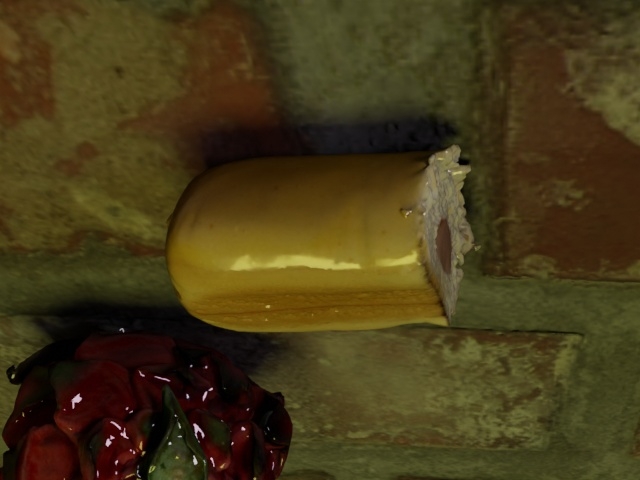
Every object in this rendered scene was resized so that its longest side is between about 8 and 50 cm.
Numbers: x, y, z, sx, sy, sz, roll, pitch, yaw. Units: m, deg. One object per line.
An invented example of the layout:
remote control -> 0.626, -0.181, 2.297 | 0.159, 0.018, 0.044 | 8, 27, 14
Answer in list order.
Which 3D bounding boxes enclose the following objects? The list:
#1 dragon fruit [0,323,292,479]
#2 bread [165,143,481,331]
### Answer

★ ★ ★ ★ ★

_Task directions_
Repeat the material above in full and exactly, apart from the pictures.

_Answer section_
Every object in this rendered scene was resized so that its longest side is between about 8 and 50 cm.
Numbers: x, y, z, sx, sy, sz, roll, pitch, yaw. Units: m, deg. One object per line.
An invented example of the layout:
remote control -> 0.626, -0.181, 2.297 | 0.159, 0.018, 0.044 | 8, 27, 14
Answer in list order.
Which 3D bounding boxes enclose the following objects? The list:
#1 dragon fruit [0,323,292,479]
#2 bread [165,143,481,331]
### Answer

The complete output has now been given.